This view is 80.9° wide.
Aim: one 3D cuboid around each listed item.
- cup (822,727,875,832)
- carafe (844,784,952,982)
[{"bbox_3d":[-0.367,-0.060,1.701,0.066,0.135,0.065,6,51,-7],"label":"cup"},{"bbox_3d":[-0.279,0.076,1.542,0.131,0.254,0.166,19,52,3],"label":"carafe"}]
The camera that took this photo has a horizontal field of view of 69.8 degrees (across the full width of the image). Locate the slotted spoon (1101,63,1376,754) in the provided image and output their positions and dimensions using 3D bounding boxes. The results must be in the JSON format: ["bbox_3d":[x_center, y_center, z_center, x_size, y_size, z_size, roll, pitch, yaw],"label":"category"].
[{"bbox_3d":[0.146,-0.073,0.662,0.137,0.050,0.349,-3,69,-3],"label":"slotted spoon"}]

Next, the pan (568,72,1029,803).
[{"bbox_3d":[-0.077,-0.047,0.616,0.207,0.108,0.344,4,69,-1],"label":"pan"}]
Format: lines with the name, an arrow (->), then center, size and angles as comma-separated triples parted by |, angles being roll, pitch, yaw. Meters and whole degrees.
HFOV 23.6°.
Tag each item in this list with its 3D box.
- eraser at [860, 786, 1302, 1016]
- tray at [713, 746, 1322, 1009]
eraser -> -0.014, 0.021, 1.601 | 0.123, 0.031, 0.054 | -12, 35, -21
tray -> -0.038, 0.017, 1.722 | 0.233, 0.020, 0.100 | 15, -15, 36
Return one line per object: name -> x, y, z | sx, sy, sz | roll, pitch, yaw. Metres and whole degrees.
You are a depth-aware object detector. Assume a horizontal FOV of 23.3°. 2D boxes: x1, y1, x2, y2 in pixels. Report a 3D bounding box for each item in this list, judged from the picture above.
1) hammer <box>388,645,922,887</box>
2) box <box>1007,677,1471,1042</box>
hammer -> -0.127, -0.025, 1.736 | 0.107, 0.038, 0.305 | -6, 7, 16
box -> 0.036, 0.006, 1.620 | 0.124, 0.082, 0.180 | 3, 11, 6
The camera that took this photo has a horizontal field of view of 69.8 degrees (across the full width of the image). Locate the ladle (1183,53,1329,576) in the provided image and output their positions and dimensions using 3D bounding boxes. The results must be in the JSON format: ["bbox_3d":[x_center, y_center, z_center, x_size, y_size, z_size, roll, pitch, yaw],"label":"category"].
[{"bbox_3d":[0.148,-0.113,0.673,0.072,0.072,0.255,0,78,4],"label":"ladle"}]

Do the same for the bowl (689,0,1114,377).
—————
Work task
Retype the listing exactly. Leave nothing out.

Result of this task
This view is 80.9° wide.
Aim: one 3D cuboid around each listed item.
- cup (822,727,875,832)
- carafe (844,784,952,982)
[{"bbox_3d":[-0.367,-0.060,1.701,0.066,0.135,0.065,6,51,-7],"label":"cup"},{"bbox_3d":[-0.279,0.076,1.542,0.131,0.254,0.166,19,52,3],"label":"carafe"}]
The camera that took this photo has a horizontal field of view of 69.8 degrees (across the full width of the image). Locate the slotted spoon (1101,63,1376,754) in the provided image and output their positions and dimensions using 3D bounding boxes. The results must be in the JSON format: ["bbox_3d":[x_center, y_center, z_center, x_size, y_size, z_size, roll, pitch, yaw],"label":"category"].
[{"bbox_3d":[0.146,-0.073,0.662,0.137,0.050,0.349,-3,69,-3],"label":"slotted spoon"}]

Next, the pan (568,72,1029,803).
[{"bbox_3d":[-0.077,-0.047,0.616,0.207,0.108,0.344,4,69,-1],"label":"pan"}]
Format: lines with the name, an arrow (->), then center, size and angles as comma-separated triples parted by |, angles being roll, pitch, yaw. Meters and whole degrees.
HFOV 23.6°.
Tag each item in this list with its 3D box.
- eraser at [860, 786, 1302, 1016]
- tray at [713, 746, 1322, 1009]
eraser -> -0.014, 0.021, 1.601 | 0.123, 0.031, 0.054 | -12, 35, -21
tray -> -0.038, 0.017, 1.722 | 0.233, 0.020, 0.100 | 15, -15, 36
Return one line per object: name -> x, y, z | sx, sy, sz | roll, pitch, yaw. Metres and whole degrees.
You are a depth-aware object detector. Assume a horizontal FOV of 23.3°. 2D boxes: x1, y1, x2, y2 in pixels. Report a 3D bounding box for each item in this list, judged from the picture above.
1) hammer <box>388,645,922,887</box>
2) box <box>1007,677,1471,1042</box>
hammer -> -0.127, -0.025, 1.736 | 0.107, 0.038, 0.305 | -6, 7, 16
box -> 0.036, 0.006, 1.620 | 0.124, 0.082, 0.180 | 3, 11, 6
The camera that took this photo has a horizontal field of view of 69.8 degrees (across the full width of the image). Locate the ladle (1183,53,1329,576) in the provided image and output their positions and dimensions using 3D bounding boxes. The results must be in the JSON format: ["bbox_3d":[x_center, y_center, z_center, x_size, y_size, z_size, roll, pitch, yaw],"label":"category"].
[{"bbox_3d":[0.148,-0.113,0.673,0.072,0.072,0.255,0,78,4],"label":"ladle"}]

Do the same for the bowl (689,0,1114,377).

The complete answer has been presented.